══ Records for the exercise ══
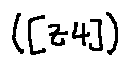Convert formula to latex. <formula><loc_0><loc_0><loc_500><loc_500>( [ z 4 ] )</formula> 
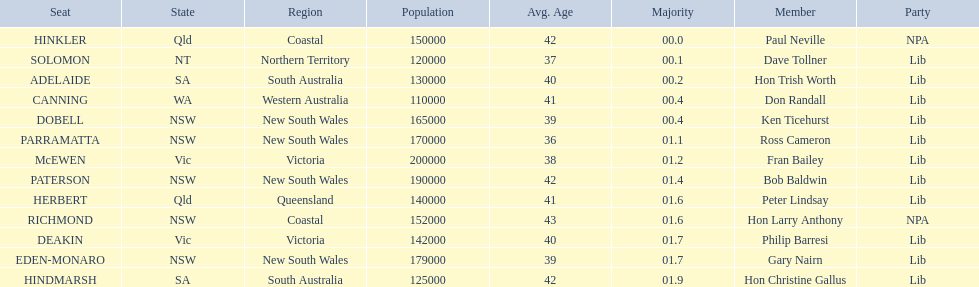Which seats are represented in the electoral system of australia? HINKLER, SOLOMON, ADELAIDE, CANNING, DOBELL, PARRAMATTA, McEWEN, PATERSON, HERBERT, RICHMOND, DEAKIN, EDEN-MONARO, HINDMARSH. What were their majority numbers of both hindmarsh and hinkler? HINKLER, HINDMARSH. Of those two seats, what is the difference in voting majority? 01.9. 
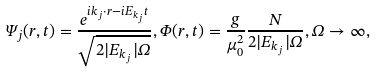Convert formula to latex. <formula><loc_0><loc_0><loc_500><loc_500>\Psi _ { j } ( r , t ) = \frac { e ^ { i k _ { j } \cdot r - i E _ { k _ { j } } t } } { \sqrt { 2 | E _ { k _ { j } } | \Omega } } , \Phi ( r , t ) = \frac { g } { \mu _ { 0 } ^ { 2 } } \frac { N } { 2 | E _ { k _ { j } } | \Omega } , \Omega \rightarrow \infty ,</formula> 
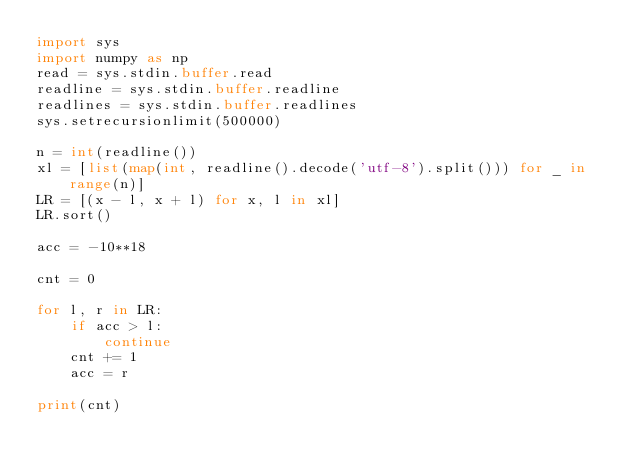<code> <loc_0><loc_0><loc_500><loc_500><_Python_>import sys
import numpy as np
read = sys.stdin.buffer.read
readline = sys.stdin.buffer.readline
readlines = sys.stdin.buffer.readlines
sys.setrecursionlimit(500000)

n = int(readline())
xl = [list(map(int, readline().decode('utf-8').split())) for _ in range(n)]
LR = [(x - l, x + l) for x, l in xl]
LR.sort()

acc = -10**18

cnt = 0

for l, r in LR:
    if acc > l:
        continue
    cnt += 1
    acc = r

print(cnt)</code> 
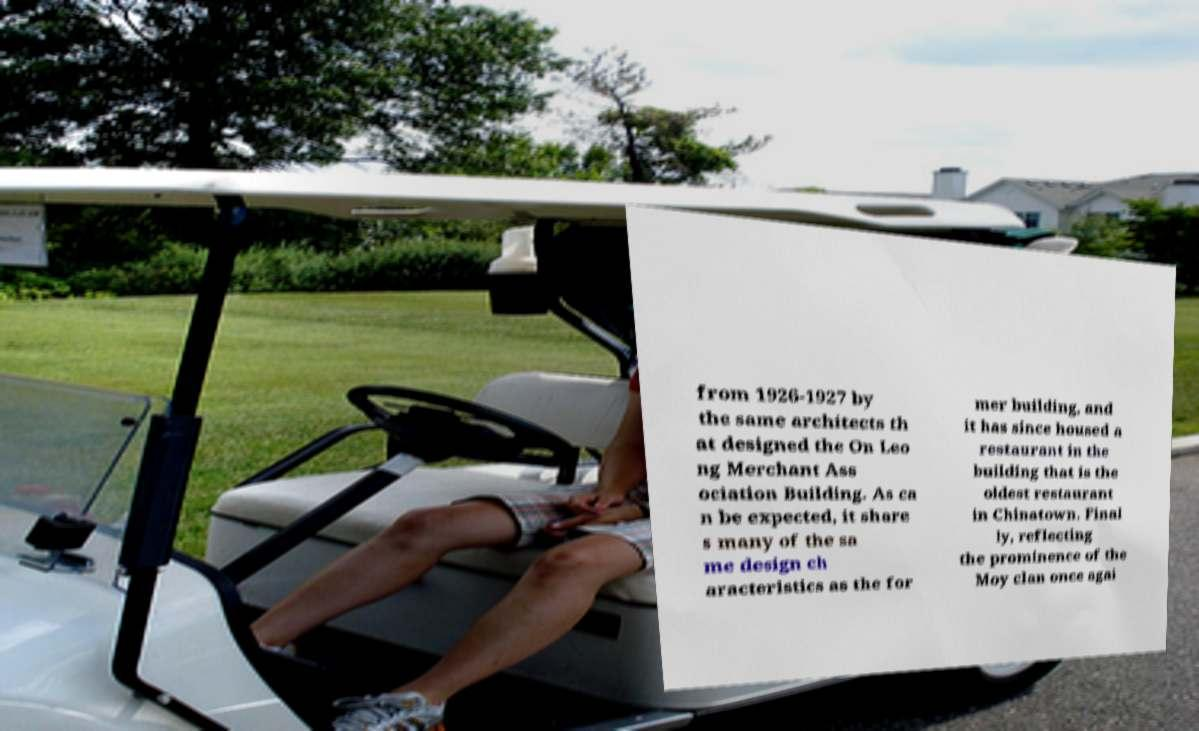Can you read and provide the text displayed in the image?This photo seems to have some interesting text. Can you extract and type it out for me? from 1926-1927 by the same architects th at designed the On Leo ng Merchant Ass ociation Building. As ca n be expected, it share s many of the sa me design ch aracteristics as the for mer building, and it has since housed a restaurant in the building that is the oldest restaurant in Chinatown. Final ly, reflecting the prominence of the Moy clan once agai 
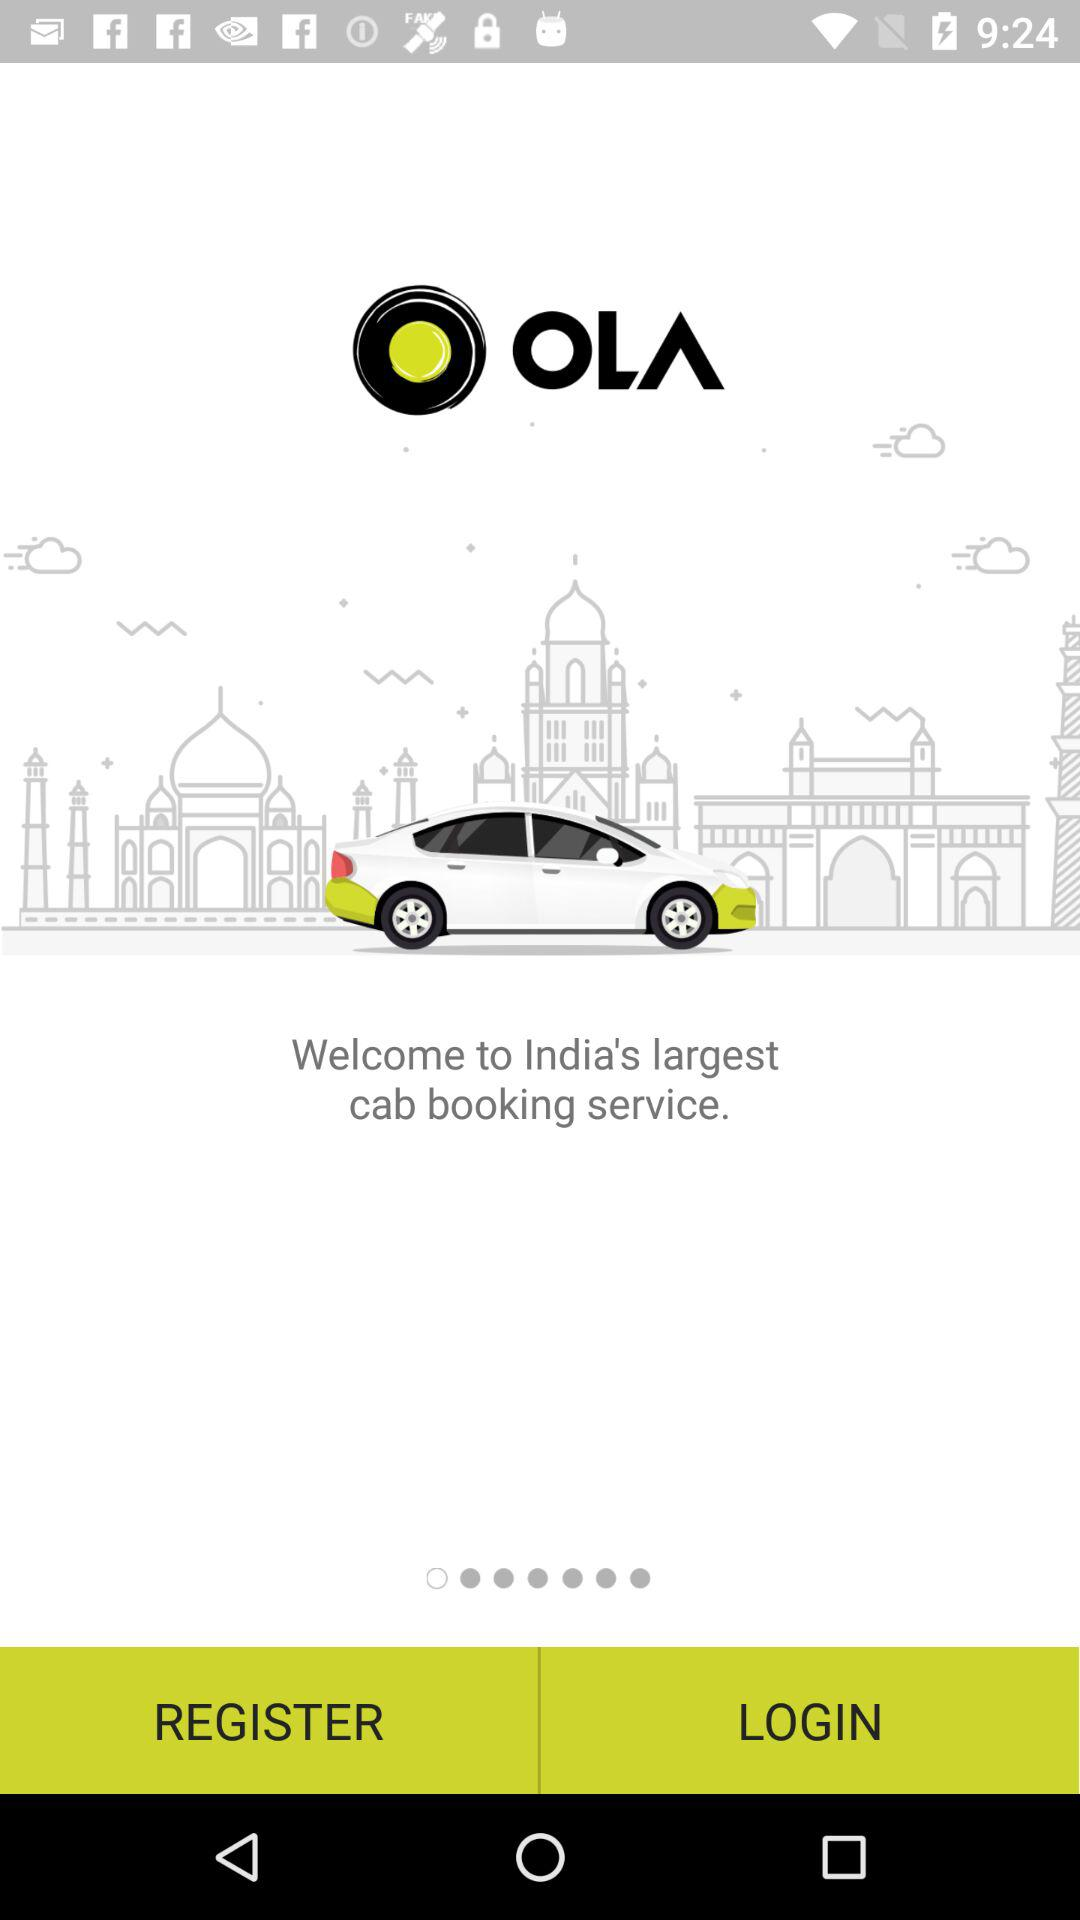Is a personal email address required to register?
When the provided information is insufficient, respond with <no answer>. <no answer>
═══
-- Task requirements --
Find the line with "print(cnt)</code>". Return it and each line after it through the end of the data, exactly, without pictures.

-- Result of this task --
print(cnt)</code> 
Can you read and provide the text displayed in the image?This photo seems to have some interesting text. Can you extract and type it out for me? from 1926-1927 by the same architects th at designed the On Leo ng Merchant Ass ociation Building. As ca n be expected, it share s many of the sa me design ch aracteristics as the for mer building, and it has since housed a restaurant in the building that is the oldest restaurant in Chinatown. Final ly, reflecting the prominence of the Moy clan once agai 
Is a personal email address required to register?
When the provided information is insufficient, respond with <no answer>. <no answer>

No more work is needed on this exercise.